DATA FOR THIS EXERCISE
[Start of section]

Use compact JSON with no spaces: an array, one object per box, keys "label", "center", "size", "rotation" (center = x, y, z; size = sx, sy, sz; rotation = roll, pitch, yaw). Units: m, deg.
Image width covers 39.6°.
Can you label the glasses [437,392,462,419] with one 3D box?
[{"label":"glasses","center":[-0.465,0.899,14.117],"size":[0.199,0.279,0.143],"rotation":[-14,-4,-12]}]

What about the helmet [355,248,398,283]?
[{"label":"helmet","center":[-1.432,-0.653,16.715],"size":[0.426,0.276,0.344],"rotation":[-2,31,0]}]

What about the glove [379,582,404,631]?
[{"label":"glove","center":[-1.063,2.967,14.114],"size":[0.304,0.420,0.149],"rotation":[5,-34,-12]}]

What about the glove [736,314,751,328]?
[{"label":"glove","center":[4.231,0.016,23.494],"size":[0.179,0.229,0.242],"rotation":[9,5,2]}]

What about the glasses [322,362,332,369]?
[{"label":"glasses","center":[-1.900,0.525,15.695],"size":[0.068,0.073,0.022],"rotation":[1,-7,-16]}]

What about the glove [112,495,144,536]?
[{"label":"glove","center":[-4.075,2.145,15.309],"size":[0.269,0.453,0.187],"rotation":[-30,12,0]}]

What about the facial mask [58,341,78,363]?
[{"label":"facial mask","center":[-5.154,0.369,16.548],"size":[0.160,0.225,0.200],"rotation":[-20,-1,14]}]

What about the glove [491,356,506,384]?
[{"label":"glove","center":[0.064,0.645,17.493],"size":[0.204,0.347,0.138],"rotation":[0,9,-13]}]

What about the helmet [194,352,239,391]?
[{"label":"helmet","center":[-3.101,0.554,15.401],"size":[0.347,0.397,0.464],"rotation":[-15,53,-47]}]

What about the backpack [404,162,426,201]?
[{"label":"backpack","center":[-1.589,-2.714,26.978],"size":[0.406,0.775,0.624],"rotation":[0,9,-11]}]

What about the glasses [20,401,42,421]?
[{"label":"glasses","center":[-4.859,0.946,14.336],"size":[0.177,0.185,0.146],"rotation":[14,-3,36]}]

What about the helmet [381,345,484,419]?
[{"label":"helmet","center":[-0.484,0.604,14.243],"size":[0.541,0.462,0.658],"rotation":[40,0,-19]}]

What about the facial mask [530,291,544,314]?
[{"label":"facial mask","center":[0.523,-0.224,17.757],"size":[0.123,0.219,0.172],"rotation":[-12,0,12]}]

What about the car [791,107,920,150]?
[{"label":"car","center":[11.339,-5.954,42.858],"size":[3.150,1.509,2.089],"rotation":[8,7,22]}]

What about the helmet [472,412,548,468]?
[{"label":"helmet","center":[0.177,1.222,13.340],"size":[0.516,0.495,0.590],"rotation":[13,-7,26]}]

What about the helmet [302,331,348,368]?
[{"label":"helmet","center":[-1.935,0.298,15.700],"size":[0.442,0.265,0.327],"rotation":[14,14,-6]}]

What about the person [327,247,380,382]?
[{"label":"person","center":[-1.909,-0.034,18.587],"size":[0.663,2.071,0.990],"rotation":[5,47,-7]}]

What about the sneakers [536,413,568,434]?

[End of section]

Nothing but the lines from the line that contains "What about the facial mask [530,291,544,314]?" to the last line of the records above should appear in the answer; please copy them exactly.

What about the facial mask [530,291,544,314]?
[{"label":"facial mask","center":[0.523,-0.224,17.757],"size":[0.123,0.219,0.172],"rotation":[-12,0,12]}]

What about the car [791,107,920,150]?
[{"label":"car","center":[11.339,-5.954,42.858],"size":[3.150,1.509,2.089],"rotation":[8,7,22]}]

What about the helmet [472,412,548,468]?
[{"label":"helmet","center":[0.177,1.222,13.340],"size":[0.516,0.495,0.590],"rotation":[13,-7,26]}]

What about the helmet [302,331,348,368]?
[{"label":"helmet","center":[-1.935,0.298,15.700],"size":[0.442,0.265,0.327],"rotation":[14,14,-6]}]

What about the person [327,247,380,382]?
[{"label":"person","center":[-1.909,-0.034,18.587],"size":[0.663,2.071,0.990],"rotation":[5,47,-7]}]

What about the sneakers [536,413,568,434]?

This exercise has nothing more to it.